В Петрограде, несмотря на наличие настроенного на продолжение войны Временного правительства, Советы действовали одновременно как властная структура и антивоенный центр. На Восточном фронте антивоенное движение набирало силу, но еще не получило всеобщей поддержки. В начале апреля 109-я дивизия русских осуществила братание с противостоящими немецкими войсками. Лояльная Временному правительству артиллерийская часть открыла огонь по мятежникам, после чего ее командир, лейтенант Хауст, арестовал двух артиллерийских офицеров, отдавших приказ начать стрельбу.

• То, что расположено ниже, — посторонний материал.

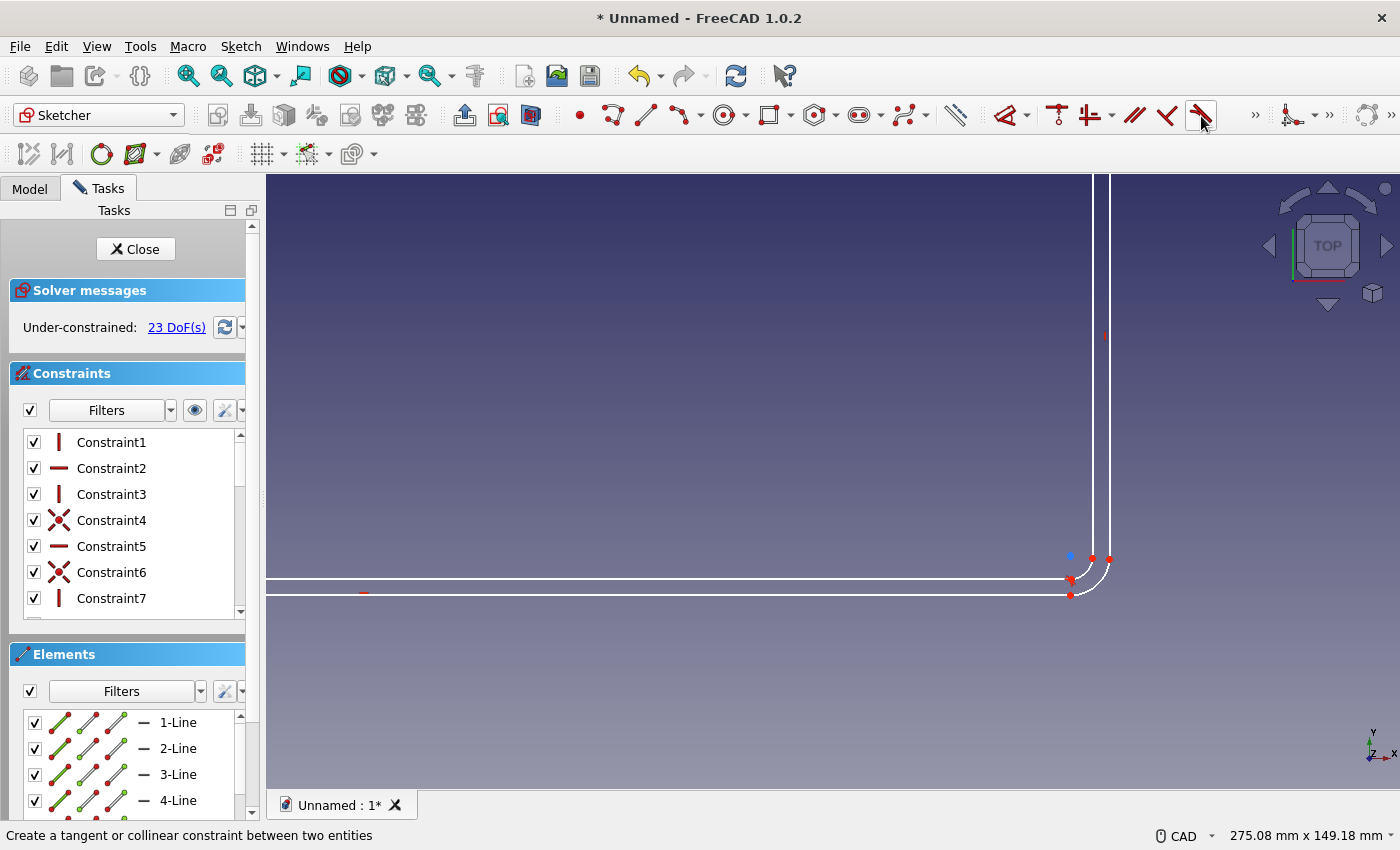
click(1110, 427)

20 апреля Хауст с десятком солдат своего полка появился на специально созванном совещании 12-й армии и потребовал немедленного заключения перемирия с одновременным сложением оружия обеими сторонами. Впрочем, совещание, в котором принимали участие одни солдаты, без офицеров, не поддержало его. Его «председатель», еврей Ром, вынужден был вмешаться, чтобы не допустить нападения недовольных на Хауста и его людей. Британский военный атташе в Петрограде полковник Нокс предложил арестовать Хауста и других агитаторов. Заместитель военного министра полковник Якубович сказал, что армия не может и не посмеет пойти на такой шаг даже при том, что недавно было публично заявлено об усилении дисциплинарных наказаний. Якубович также сообщил Ноксу, что из тысячи отправляемых из учебных тыловых частей до фронта добирается от 150 до 250 человек. На оружейных заводах повыгоняли всех специалистов. Большевики непрерывно вели антивоенную пропаганду. 23 апреля партийная газета «Правда» спрашивала русских солдат: «Хотите ли вы воевать за то, чтобы английские капиталисты могли грабить Месопотамию и Палестину?»

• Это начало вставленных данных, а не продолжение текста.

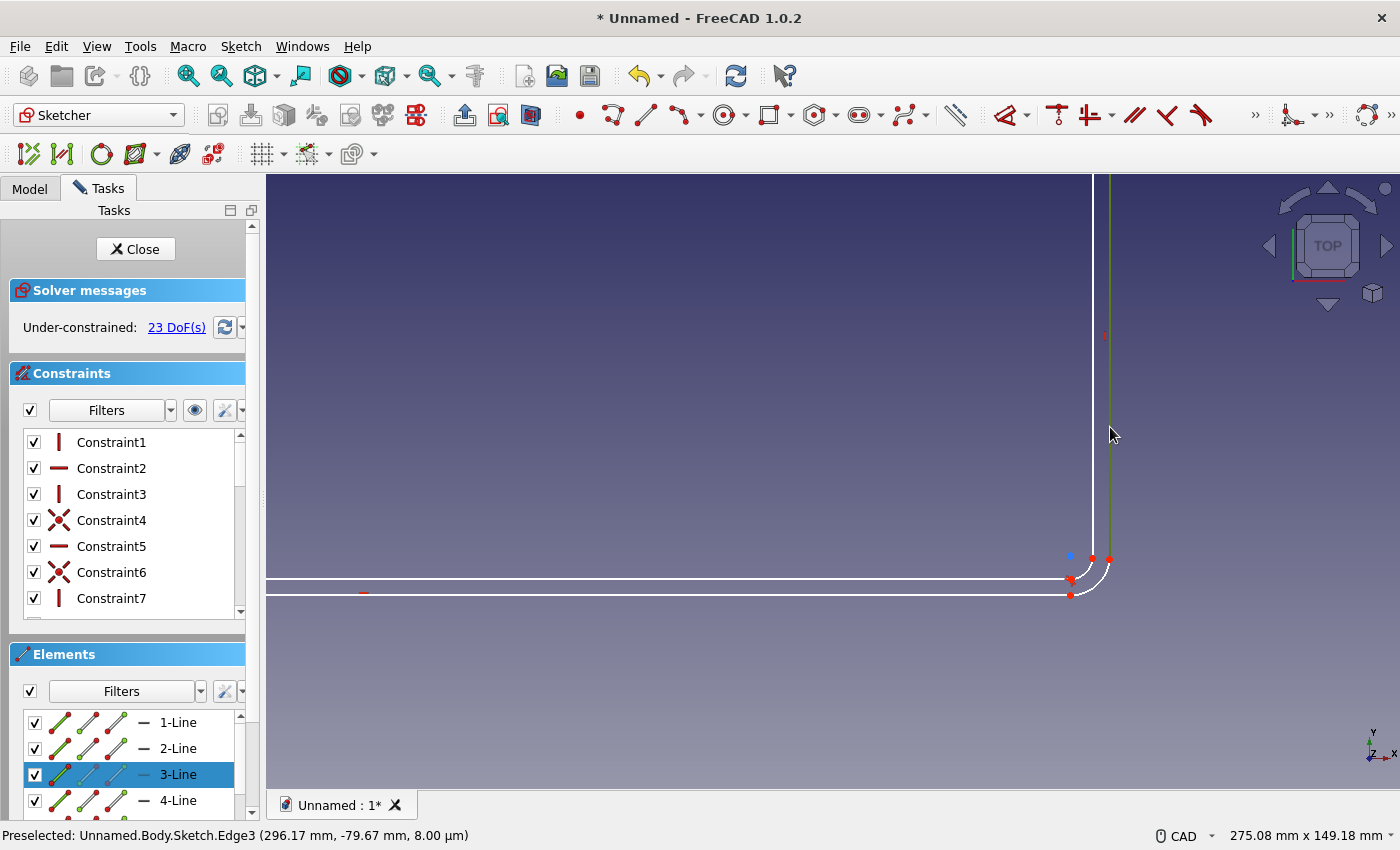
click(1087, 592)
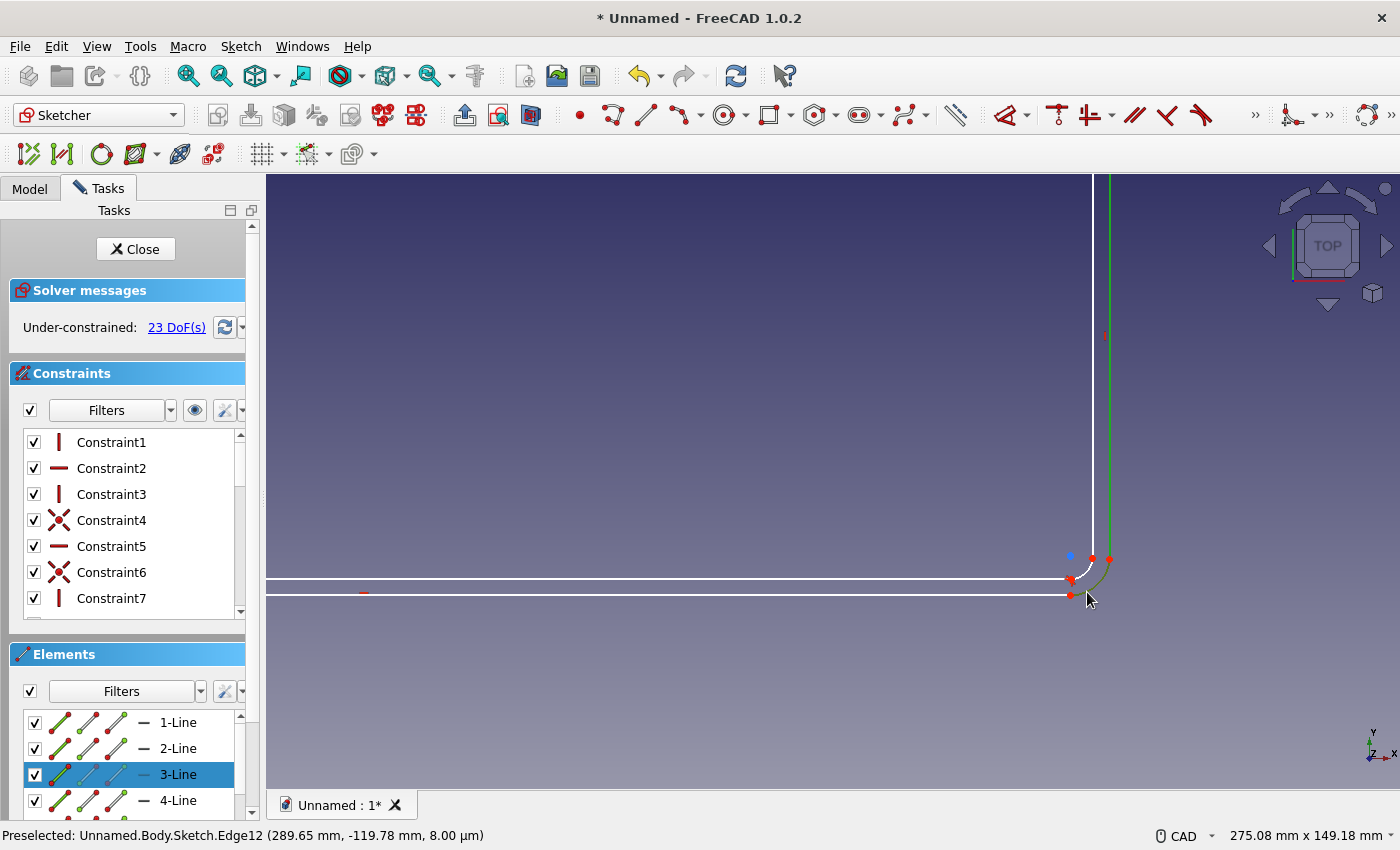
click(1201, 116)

24 апреля состоялся беспрецедентный акт сепаратизма: Украина потребовала независимости от России. Забастовки на российских предприятиях привели к сокращению добычи угля почти на четверть по сравнению с предыдущим годом. 27 апреля Ленин, прибывший в Петроград одиннадцать дней назад, открыл Всероссийскую конференцию большевистской партии в Петрограде.
В этот день моряки Кронштадта выступили в поддержку большевиков и заявили, что не будут подчиняться приказам Временного правительства. Через два дня генерал Алексеев сообщил военному министру, что информация со всех сторон «указывает, что армия систематически разваливается». Глядя на ситуацию в России из Германии, генерал Хоффман на следующий день записал в дневнике: «Мы забрасываем русских газетами и листовками и пытаемся всеми способами достучаться до них». Русскую революцию, добавил Хоффман, «нам сам Бог послал». Но в начале мая более 50 000 раненых русских солдат вышли на демонстрацию в поддержку продолжения войны, а 4 мая Петроградский Совет, к разочарованию Ленина, незначительным большинством высказался в поддержку Временного правительства.
Восточный фронт оставался на месте, несмотря на резкое увеличение числа дезертиров. В начале мая их уже насчитывалось более двух миллионов. В Петрограде продолжалась ночная жизнь. «Театры и кабаре оставались открытыми, – писал историк Джон Уилер-Беннет. – В «Европе» Джимми, бармен из старой нью-йоркской «Уолдорф-Астории», продолжал подавать свои знаменитые коктейли. Балетный сезон был в полном разгаре, Карсавина продолжала восхищать публику, в опере был как никогда хорош Шаляпин» [172]
.Немцы с тревогой относились к решению Временного правительства не выходить из войны. «Мы даем русским очень хороший совет, – 12 мая записал в дневнике Хоффман, – мы говорим, чтобы они вели себя разумно и заключили мир, но они пока, похоже, в этом не заинтересованы». Председатель Думы Родзянко искал средства стимулировать военные усилия. В этом месяце он одобрил создание женского батальона. Его возглавила Мария Бочкарева, дочь сибирского крестьянина, бывшего крепостного, который участвовал в Русско-турецкой войне 1878 г. и дослужился до звания сержанта. В 1914 г. его дочери не позволили вступить в армию. Тогда она отправила петицию царю, и просьба, на удивление, была удовлетворена. Бочкарева три года провоевала на Восточном фронте, четыре раза была ранена и трижды награждена за проявленную храбрость. Создание женского батальона произвело столь сильное впечатление, что британская суфражистка Эммелин Панкхерст отправилась в Петроград, чтобы поддержать усилия Бочкаревой, против которой выступали большевики.